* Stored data
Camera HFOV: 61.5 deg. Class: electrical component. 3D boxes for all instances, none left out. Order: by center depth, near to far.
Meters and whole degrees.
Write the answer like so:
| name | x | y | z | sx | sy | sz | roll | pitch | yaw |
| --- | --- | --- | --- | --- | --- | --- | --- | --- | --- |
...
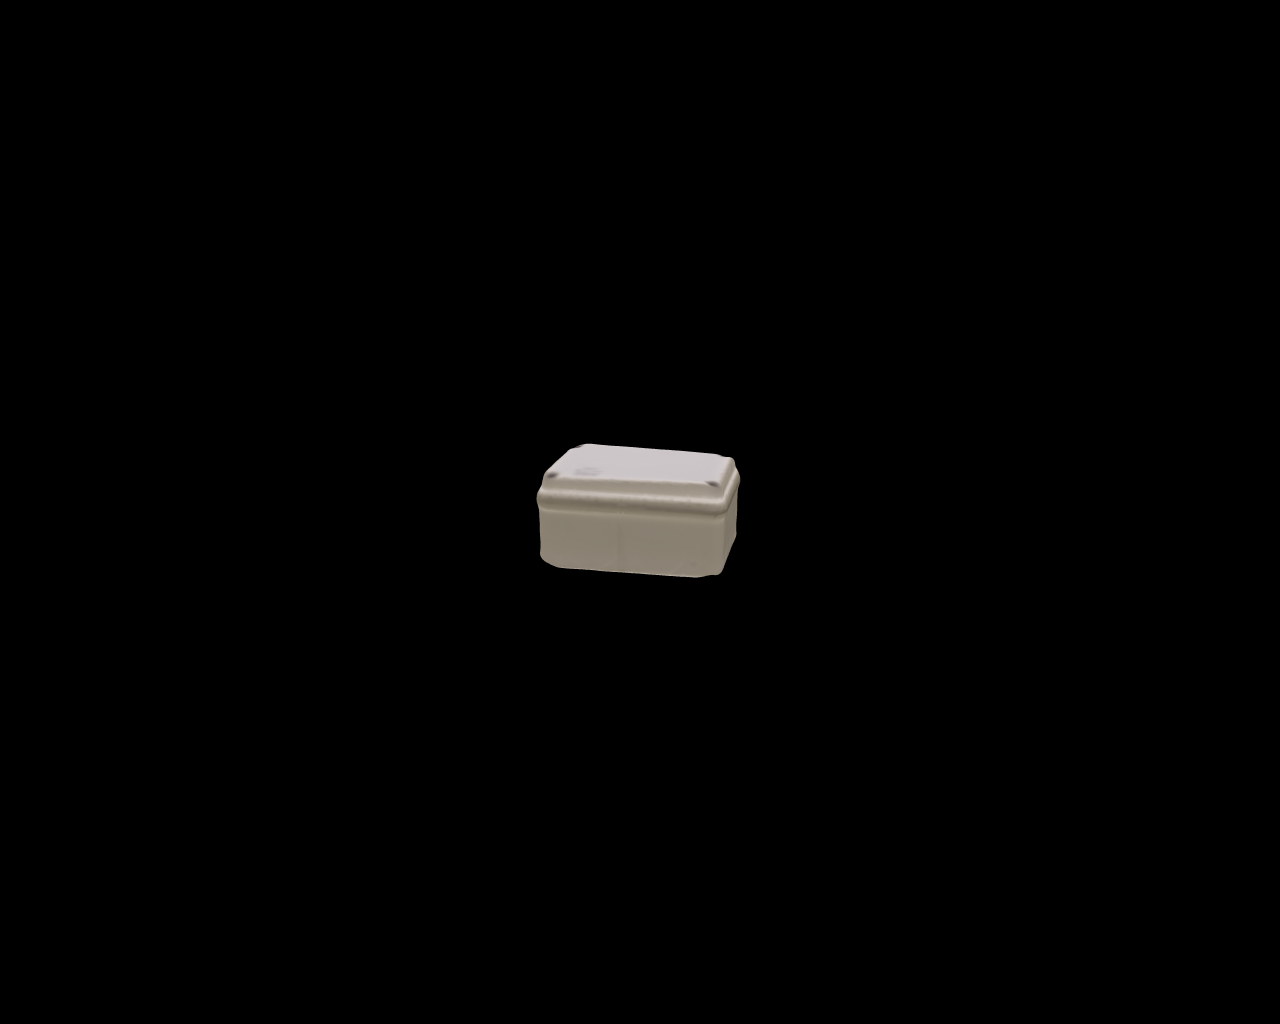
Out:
| name | x | y | z | sx | sy | sz | roll | pitch | yaw |
| --- | --- | --- | --- | --- | --- | --- | --- | --- | --- |
| electrical component | 0.001 | -0.003 | 0.650 | 0.113 | 0.057 | 0.078 | 4 | 20 | 12 |

* Exercise details
Each record must be repeated exactly, and no picture may be carried over.

* Task output
Camera HFOV: 61.5 deg. Class: electrical component. 3D boxes for all instances, none left out. Order: by center depth, near to far.
Meters and whole degrees.
Write the answer like so:
| name | x | y | z | sx | sy | sz | roll | pitch | yaw |
| --- | --- | --- | --- | --- | --- | --- | --- | --- | --- |
...
Out:
| name | x | y | z | sx | sy | sz | roll | pitch | yaw |
| --- | --- | --- | --- | --- | --- | --- | --- | --- | --- |
| electrical component | 0.001 | -0.003 | 0.650 | 0.113 | 0.057 | 0.078 | 4 | 20 | 12 |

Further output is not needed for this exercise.